Aim of the task: A verbatim copy is needed of the lines below from the one containing "hfov=87.4deg. Send back" up to and including the one containing "Send back a 3D cuboid for the trailer (0,174,1169,791).", excluding pictures.

Supplied material:
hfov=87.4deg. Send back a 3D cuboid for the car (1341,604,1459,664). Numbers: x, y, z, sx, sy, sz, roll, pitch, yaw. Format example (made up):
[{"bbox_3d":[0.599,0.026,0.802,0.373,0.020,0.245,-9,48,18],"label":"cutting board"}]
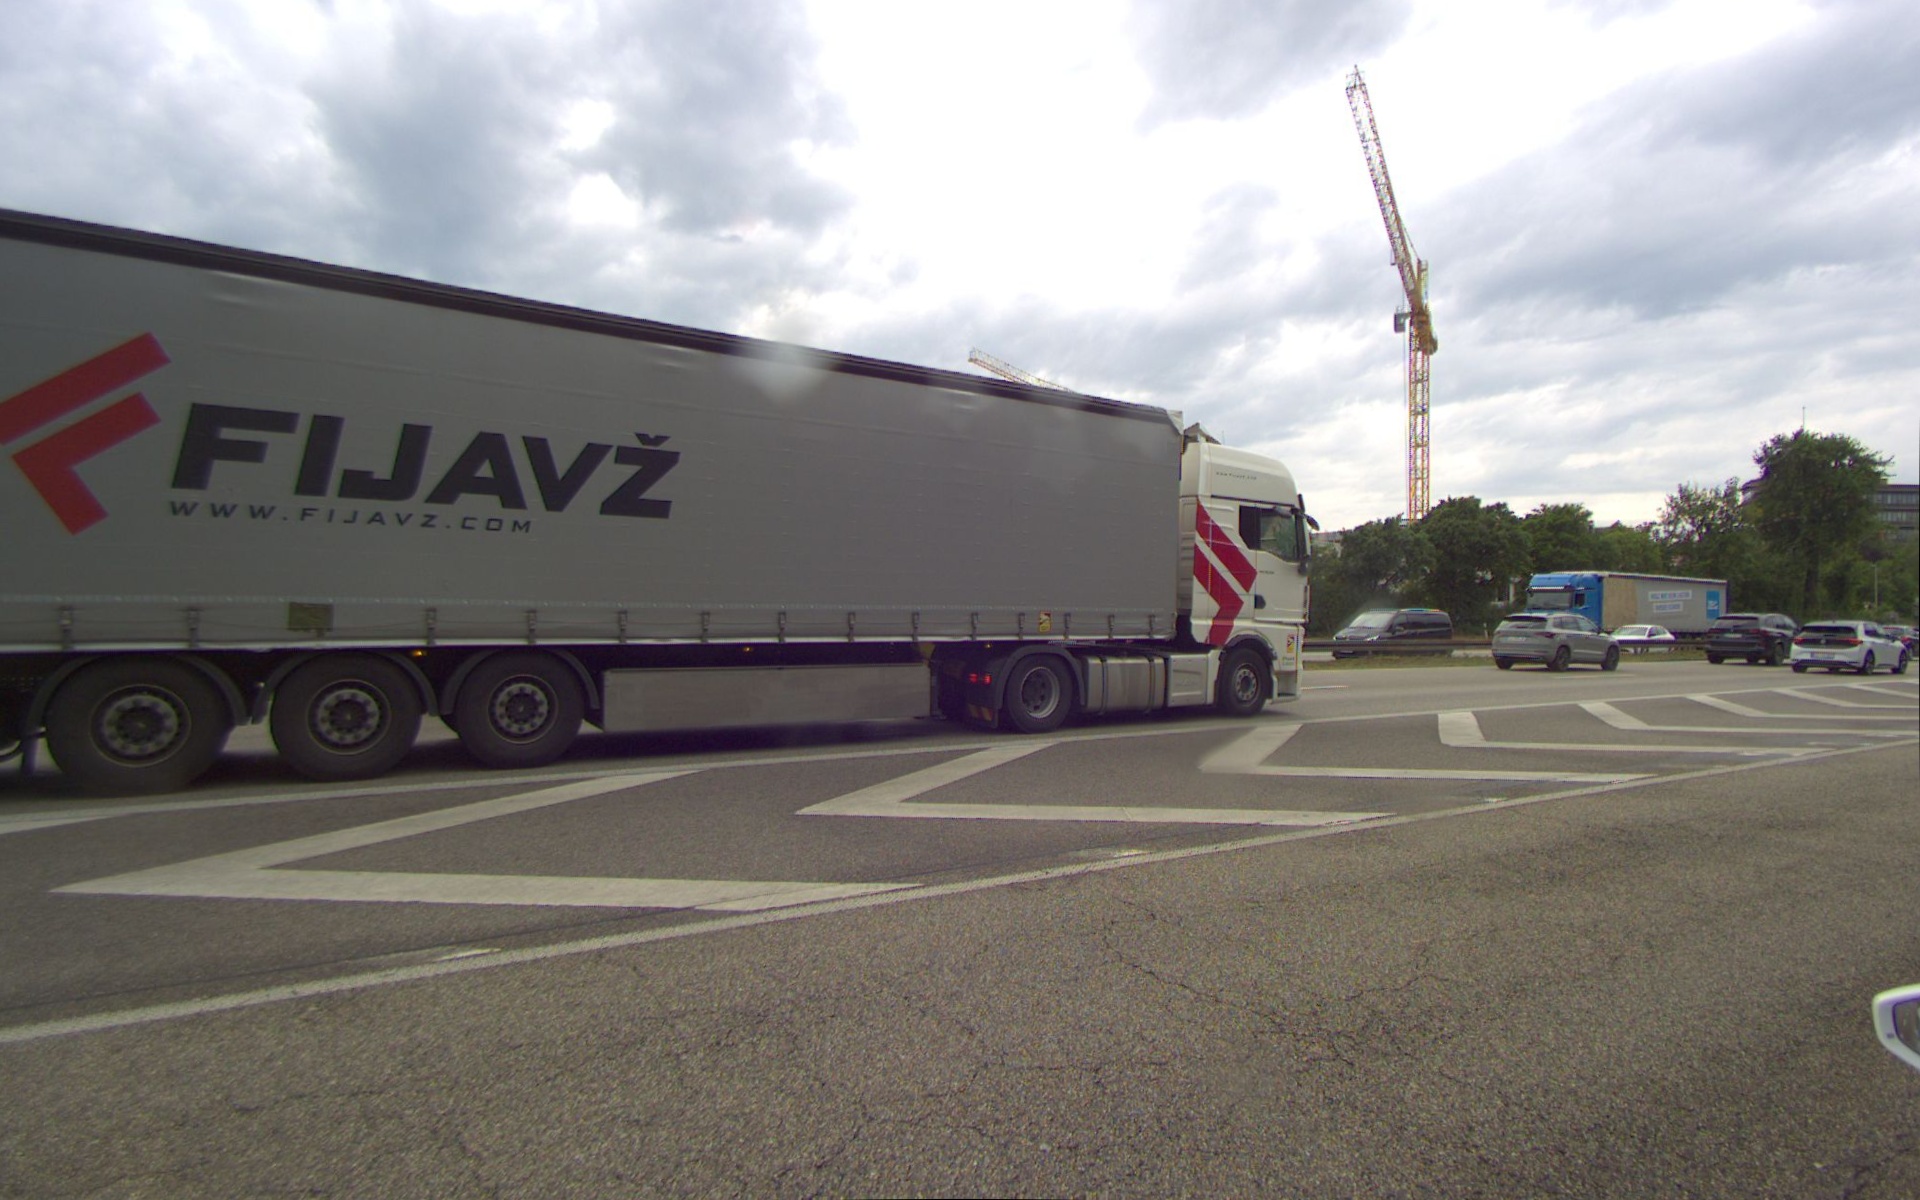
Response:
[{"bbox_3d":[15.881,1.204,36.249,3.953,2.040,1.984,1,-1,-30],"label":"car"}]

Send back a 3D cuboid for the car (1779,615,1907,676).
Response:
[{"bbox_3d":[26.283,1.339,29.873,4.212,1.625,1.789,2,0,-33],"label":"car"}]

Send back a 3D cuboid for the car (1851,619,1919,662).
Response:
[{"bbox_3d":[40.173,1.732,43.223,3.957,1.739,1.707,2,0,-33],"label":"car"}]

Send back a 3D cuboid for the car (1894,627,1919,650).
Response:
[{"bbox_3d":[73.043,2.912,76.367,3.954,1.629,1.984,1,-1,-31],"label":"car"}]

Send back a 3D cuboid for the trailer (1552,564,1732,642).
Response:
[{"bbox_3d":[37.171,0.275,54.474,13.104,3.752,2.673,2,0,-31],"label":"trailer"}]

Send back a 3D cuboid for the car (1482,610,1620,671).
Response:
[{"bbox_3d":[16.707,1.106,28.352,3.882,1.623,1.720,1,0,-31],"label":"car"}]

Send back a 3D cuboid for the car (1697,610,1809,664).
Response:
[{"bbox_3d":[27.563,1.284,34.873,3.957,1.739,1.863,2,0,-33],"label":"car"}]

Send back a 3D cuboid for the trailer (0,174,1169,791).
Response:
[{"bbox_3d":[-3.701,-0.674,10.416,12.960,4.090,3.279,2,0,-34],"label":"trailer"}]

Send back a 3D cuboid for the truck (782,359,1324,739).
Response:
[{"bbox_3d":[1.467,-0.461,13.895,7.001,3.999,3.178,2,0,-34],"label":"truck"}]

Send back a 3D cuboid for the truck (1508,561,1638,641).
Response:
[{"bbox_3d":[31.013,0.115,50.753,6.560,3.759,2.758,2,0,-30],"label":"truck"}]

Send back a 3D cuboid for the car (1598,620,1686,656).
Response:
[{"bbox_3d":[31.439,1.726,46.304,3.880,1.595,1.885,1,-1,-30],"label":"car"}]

---

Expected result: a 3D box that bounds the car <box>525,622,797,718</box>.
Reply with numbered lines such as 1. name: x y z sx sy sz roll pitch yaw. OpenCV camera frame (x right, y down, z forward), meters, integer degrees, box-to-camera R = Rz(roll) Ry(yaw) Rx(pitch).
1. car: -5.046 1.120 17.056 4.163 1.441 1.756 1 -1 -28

Response area:
hfov=87.4deg. Send back a 3D cuboid for the car (1341,604,1459,664). Numbers: x, y, z, sx, sy, sz, roll, pitch, yaw. Format example (made up):
[{"bbox_3d":[0.599,0.026,0.802,0.373,0.020,0.245,-9,48,18],"label":"cutting board"}]
Response:
[{"bbox_3d":[15.881,1.204,36.249,3.953,2.040,1.984,1,-1,-30],"label":"car"}]

Send back a 3D cuboid for the car (1779,615,1907,676).
Response:
[{"bbox_3d":[26.283,1.339,29.873,4.212,1.625,1.789,2,0,-33],"label":"car"}]

Send back a 3D cuboid for the car (1851,619,1919,662).
Response:
[{"bbox_3d":[40.173,1.732,43.223,3.957,1.739,1.707,2,0,-33],"label":"car"}]

Send back a 3D cuboid for the car (1894,627,1919,650).
Response:
[{"bbox_3d":[73.043,2.912,76.367,3.954,1.629,1.984,1,-1,-31],"label":"car"}]

Send back a 3D cuboid for the trailer (1552,564,1732,642).
Response:
[{"bbox_3d":[37.171,0.275,54.474,13.104,3.752,2.673,2,0,-31],"label":"trailer"}]

Send back a 3D cuboid for the car (1482,610,1620,671).
Response:
[{"bbox_3d":[16.707,1.106,28.352,3.882,1.623,1.720,1,0,-31],"label":"car"}]

Send back a 3D cuboid for the car (1697,610,1809,664).
Response:
[{"bbox_3d":[27.563,1.284,34.873,3.957,1.739,1.863,2,0,-33],"label":"car"}]

Send back a 3D cuboid for the trailer (0,174,1169,791).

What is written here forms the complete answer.